While it’s not one single defined event, 2020 was the start of institutional investors putting their clients’ money where the coins are. Banks like Morgan Stanley and large companies, including Chinese tech firm Meitu, and Jack Dorsey’s payments startup Square, piled into Bitcoin on the back of the currency solidifying its status as an asset class, and recognition of BTC and other cryptocurrencies by regulators. Even long-time denouncers of crypto like JP Morgan Chase launched bitcoin trading products.

The Musk effect

Elon Musk has some Bitcoin but he doesn’t even know where they’re stashed. Elon Musk confirms Bitcoin is the future of money. Elon Musk invests in Bitcoin. Tesla accepts Bitcoin as payment. Tesla does not accept Bitcoin as payment. Elon Musk wants a greener Bitcoin. Every time Musk has a public thought related to Bitcoin, and they are many and varied, the markets react.

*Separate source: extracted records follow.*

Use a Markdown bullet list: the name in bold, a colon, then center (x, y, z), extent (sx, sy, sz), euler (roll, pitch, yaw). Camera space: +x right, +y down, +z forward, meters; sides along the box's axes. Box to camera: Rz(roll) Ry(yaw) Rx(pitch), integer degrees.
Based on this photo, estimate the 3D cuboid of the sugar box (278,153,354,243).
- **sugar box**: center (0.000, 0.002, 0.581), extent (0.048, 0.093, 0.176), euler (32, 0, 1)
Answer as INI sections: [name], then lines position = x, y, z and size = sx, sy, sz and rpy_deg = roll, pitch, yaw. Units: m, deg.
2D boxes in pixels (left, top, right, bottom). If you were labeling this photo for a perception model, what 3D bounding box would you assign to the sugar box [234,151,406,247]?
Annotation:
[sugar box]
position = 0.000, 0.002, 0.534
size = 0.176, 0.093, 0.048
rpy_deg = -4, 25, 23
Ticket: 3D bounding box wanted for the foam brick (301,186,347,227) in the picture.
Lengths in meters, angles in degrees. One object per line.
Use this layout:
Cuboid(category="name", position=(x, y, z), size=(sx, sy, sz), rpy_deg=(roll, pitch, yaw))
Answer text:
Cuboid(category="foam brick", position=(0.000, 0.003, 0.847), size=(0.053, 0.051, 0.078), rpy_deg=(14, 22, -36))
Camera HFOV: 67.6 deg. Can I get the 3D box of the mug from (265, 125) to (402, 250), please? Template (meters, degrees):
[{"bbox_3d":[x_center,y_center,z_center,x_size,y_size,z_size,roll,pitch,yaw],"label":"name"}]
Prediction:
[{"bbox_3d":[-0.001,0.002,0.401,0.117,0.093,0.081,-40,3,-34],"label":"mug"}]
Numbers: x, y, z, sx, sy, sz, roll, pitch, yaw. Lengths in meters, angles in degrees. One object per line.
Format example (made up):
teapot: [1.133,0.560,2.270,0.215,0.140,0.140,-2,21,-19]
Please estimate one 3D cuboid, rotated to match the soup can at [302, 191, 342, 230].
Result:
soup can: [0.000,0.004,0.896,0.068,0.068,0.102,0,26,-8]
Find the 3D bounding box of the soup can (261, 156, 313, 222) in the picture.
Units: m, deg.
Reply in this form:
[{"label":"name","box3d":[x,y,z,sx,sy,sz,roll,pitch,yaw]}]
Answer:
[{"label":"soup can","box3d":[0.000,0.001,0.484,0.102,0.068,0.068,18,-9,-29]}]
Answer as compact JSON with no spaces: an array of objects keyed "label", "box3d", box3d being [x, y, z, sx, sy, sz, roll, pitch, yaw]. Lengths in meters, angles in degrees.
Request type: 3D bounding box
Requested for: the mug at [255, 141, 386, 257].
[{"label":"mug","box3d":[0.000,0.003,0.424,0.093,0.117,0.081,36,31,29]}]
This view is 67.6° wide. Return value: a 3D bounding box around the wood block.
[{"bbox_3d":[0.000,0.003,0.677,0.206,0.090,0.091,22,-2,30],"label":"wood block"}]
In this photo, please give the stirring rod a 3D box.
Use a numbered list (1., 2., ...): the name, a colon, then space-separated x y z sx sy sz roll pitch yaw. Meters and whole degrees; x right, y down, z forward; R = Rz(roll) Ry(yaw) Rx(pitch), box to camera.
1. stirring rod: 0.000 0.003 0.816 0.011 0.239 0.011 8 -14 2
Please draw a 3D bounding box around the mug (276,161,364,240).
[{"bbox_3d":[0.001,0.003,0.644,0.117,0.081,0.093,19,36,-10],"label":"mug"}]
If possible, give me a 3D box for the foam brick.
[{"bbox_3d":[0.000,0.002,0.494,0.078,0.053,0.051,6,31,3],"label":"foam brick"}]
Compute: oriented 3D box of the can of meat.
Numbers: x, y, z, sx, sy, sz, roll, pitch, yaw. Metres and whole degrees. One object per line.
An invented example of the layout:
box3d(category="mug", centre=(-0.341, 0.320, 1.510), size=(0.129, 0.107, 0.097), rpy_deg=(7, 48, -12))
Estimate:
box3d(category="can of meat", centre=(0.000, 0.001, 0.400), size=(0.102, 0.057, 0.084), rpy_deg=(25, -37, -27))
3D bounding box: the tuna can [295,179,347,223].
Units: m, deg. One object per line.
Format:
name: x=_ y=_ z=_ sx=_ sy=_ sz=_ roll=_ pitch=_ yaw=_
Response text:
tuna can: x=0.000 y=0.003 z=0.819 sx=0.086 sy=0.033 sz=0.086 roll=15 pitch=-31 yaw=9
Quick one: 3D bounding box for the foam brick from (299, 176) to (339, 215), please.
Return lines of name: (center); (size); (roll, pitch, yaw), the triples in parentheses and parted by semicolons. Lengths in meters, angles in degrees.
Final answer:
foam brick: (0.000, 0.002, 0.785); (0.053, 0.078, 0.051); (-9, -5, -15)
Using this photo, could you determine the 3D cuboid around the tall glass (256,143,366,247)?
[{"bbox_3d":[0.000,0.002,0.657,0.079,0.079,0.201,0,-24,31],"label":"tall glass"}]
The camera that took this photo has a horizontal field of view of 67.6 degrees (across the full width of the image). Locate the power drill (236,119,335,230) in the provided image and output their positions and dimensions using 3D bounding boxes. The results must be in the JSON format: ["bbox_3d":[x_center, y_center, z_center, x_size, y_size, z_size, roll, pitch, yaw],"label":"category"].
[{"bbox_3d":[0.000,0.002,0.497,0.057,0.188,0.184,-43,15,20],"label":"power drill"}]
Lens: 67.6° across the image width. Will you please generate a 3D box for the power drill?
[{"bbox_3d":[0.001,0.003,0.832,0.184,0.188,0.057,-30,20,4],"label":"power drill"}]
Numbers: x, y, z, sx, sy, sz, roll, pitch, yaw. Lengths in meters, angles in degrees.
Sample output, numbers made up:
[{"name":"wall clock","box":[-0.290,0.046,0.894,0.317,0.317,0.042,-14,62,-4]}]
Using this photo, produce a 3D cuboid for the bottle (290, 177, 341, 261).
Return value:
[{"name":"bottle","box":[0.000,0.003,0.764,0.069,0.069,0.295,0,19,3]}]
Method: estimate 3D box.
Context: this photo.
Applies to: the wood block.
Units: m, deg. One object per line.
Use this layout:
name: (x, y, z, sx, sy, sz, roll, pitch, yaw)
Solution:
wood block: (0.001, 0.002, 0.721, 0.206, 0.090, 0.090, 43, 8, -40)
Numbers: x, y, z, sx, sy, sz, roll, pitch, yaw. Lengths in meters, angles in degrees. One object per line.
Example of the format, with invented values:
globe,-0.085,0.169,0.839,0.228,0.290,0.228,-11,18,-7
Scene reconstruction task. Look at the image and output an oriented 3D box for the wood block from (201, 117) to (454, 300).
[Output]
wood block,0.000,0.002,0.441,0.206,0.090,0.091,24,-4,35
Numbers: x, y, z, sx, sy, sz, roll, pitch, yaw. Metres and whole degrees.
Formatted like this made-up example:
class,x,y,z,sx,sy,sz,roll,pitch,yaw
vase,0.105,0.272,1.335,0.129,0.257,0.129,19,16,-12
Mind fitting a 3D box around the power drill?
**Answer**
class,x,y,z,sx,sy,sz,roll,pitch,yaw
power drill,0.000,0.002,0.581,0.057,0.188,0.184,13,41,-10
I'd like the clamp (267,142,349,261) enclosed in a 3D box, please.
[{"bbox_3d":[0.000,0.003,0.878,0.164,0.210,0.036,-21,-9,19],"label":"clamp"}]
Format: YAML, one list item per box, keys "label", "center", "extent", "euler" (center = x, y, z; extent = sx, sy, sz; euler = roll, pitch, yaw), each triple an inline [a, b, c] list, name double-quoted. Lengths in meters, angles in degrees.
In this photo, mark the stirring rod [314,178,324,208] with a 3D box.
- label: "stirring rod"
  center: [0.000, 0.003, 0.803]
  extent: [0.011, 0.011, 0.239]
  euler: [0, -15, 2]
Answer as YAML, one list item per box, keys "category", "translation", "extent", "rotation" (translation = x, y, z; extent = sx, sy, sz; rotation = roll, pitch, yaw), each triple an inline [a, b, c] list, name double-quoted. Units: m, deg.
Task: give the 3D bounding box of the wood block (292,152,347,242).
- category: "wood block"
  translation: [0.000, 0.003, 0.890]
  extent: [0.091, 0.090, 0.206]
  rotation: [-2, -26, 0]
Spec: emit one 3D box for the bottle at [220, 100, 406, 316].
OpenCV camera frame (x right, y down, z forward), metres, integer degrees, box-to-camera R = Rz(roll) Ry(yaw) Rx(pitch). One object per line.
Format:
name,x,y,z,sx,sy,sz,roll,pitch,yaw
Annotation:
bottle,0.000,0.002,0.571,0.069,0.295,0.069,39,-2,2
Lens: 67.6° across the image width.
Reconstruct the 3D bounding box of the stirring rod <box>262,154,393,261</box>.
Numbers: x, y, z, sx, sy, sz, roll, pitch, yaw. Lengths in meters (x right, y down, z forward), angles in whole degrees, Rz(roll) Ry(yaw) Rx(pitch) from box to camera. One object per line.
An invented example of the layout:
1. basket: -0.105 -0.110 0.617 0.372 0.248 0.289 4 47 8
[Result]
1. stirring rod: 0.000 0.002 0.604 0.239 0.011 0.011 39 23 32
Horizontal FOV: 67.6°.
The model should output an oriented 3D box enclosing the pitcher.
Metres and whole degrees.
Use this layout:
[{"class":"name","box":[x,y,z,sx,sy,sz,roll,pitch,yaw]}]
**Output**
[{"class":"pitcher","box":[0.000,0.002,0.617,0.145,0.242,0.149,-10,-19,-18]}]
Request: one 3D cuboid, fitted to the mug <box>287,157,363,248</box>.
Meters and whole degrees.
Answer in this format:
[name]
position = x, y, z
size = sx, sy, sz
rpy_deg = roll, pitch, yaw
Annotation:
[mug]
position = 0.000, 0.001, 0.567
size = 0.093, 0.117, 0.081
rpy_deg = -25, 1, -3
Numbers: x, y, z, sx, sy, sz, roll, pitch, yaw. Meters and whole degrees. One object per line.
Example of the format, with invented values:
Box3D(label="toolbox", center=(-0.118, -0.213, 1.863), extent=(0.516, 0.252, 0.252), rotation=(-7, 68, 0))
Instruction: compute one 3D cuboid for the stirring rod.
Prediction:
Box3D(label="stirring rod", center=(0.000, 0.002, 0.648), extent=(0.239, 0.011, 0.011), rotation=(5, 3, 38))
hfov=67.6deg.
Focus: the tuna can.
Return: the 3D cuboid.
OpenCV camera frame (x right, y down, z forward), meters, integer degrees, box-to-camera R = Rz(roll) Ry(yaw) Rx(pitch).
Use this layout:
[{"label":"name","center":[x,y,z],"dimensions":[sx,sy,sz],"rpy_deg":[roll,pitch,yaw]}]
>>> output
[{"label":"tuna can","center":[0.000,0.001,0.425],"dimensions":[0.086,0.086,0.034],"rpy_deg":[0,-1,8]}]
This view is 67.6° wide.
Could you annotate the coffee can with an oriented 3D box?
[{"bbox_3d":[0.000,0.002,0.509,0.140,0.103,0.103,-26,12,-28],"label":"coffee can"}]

Some say he’s playing puppeteer for his benefit, others say it’s an exercise in marketing for whatever Musk has planned next, or that he’s simply bored.

The crypto market’s growing and evolving at breakneck speed, with pivotal moments happening while we’re having conversations around the virtual watercooler– likely about the pivotal moments of yesterday. It’s anyone’s guess what the future holds as various crazy things happen in the market, but in the long term there seems to be a sure pattern emerging in the crypto space: stubborn upward trajectory.